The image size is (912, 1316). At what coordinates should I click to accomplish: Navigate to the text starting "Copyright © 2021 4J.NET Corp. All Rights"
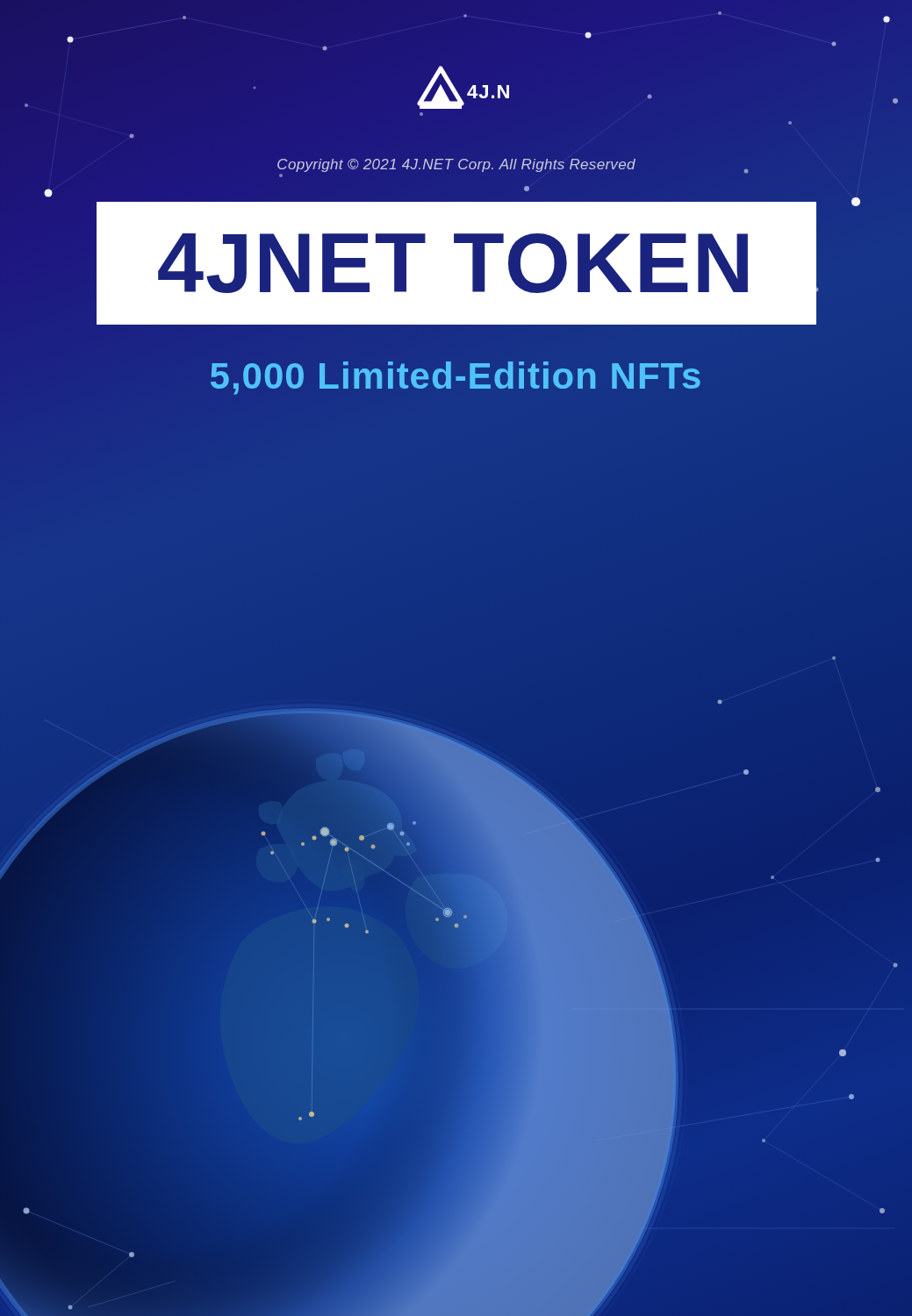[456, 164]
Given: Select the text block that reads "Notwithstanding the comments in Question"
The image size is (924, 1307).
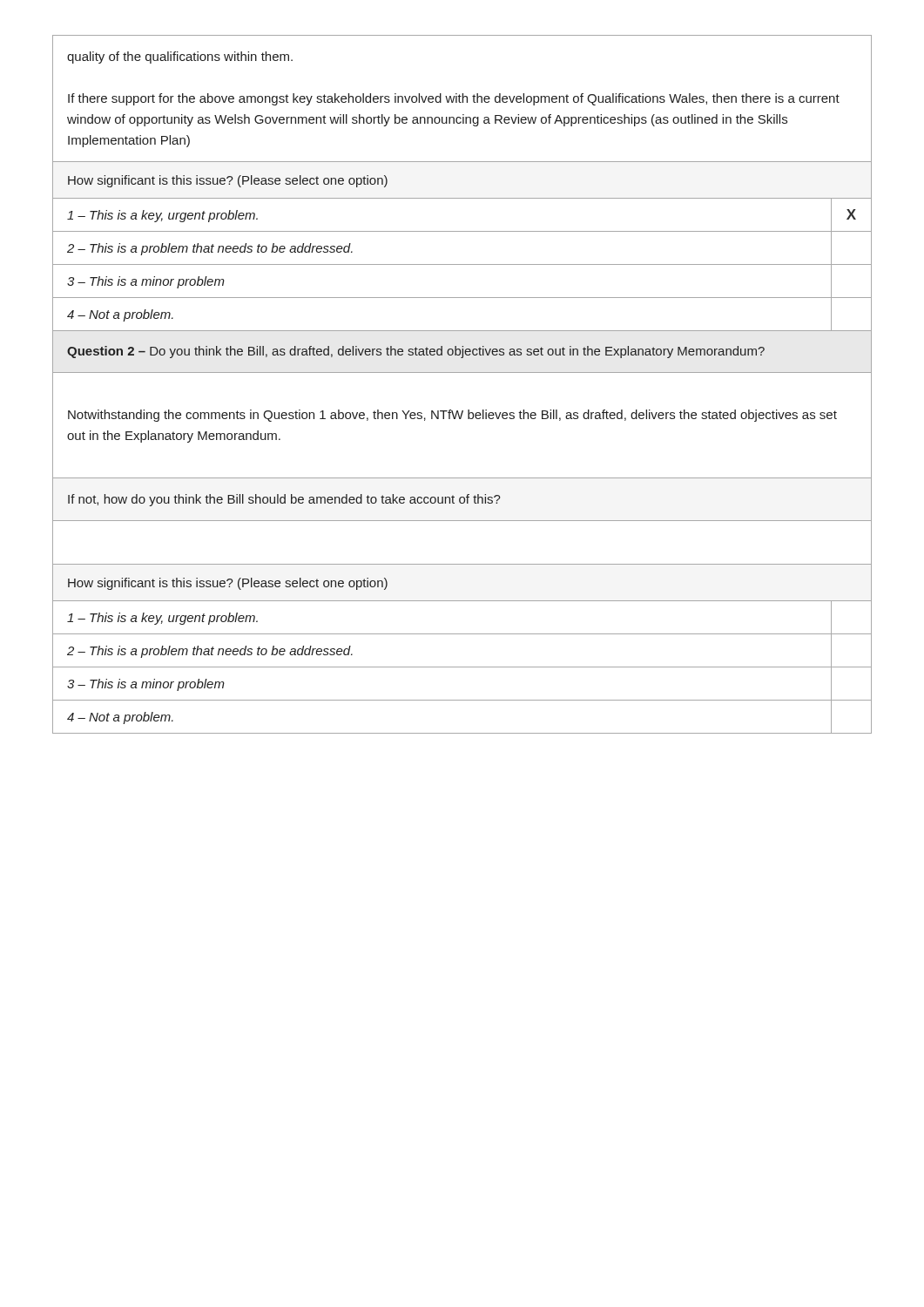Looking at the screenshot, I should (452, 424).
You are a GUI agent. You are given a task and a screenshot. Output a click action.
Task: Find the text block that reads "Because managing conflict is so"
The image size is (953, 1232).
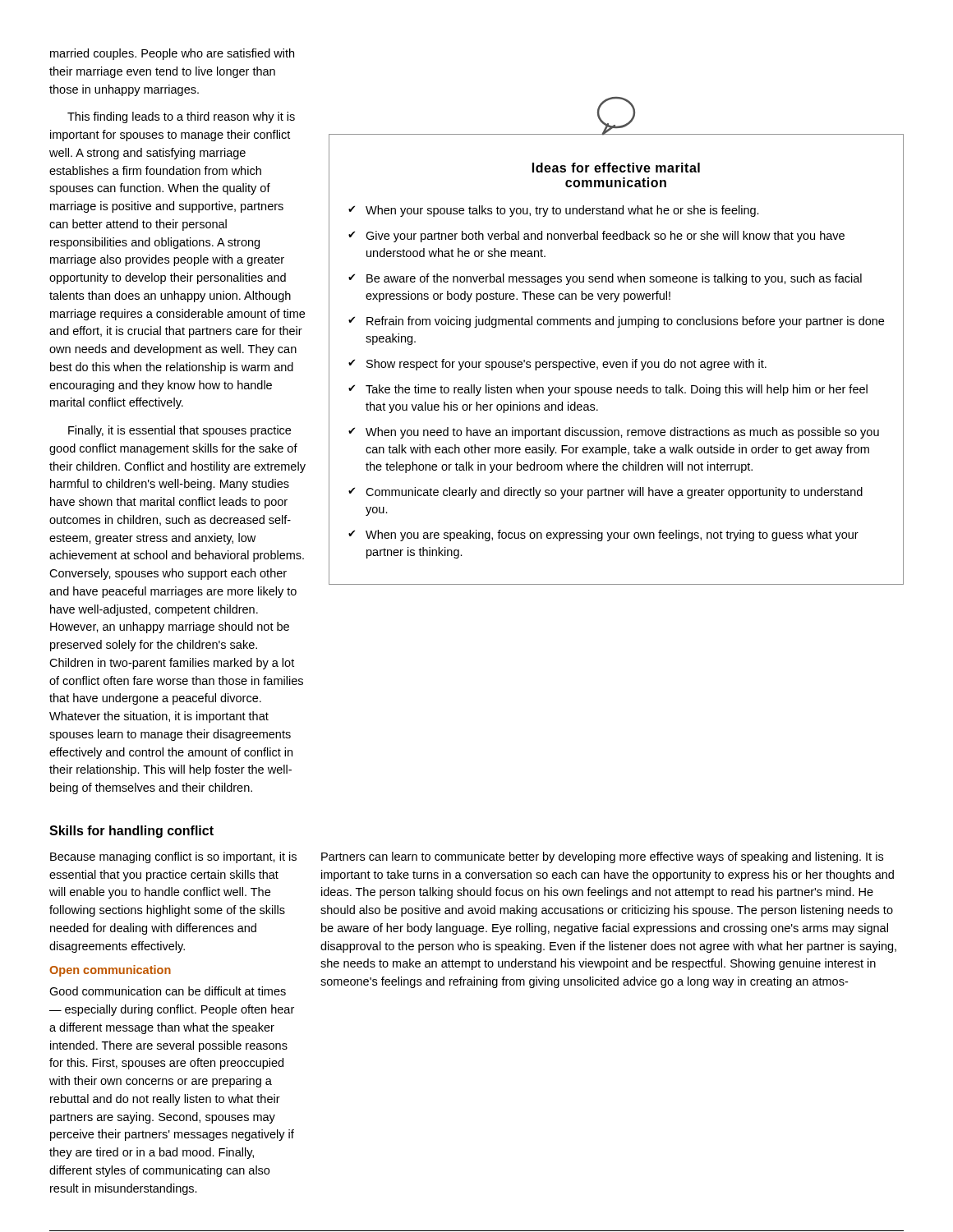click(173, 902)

Requirement: The answer must consist solely of the lines from the line containing "Given: Select the" to the end of the data, reproduced exactly, with every picture left out.

Output for this task:
Given: Select the text block that reads "Notwithstanding the comments in Question"
The image size is (924, 1307).
Looking at the screenshot, I should (452, 424).
You are a GUI agent. You are given a task and a screenshot. Output a click action.
Task: Find the text block that reads "Because managing conflict is so"
The image size is (953, 1232).
click(173, 902)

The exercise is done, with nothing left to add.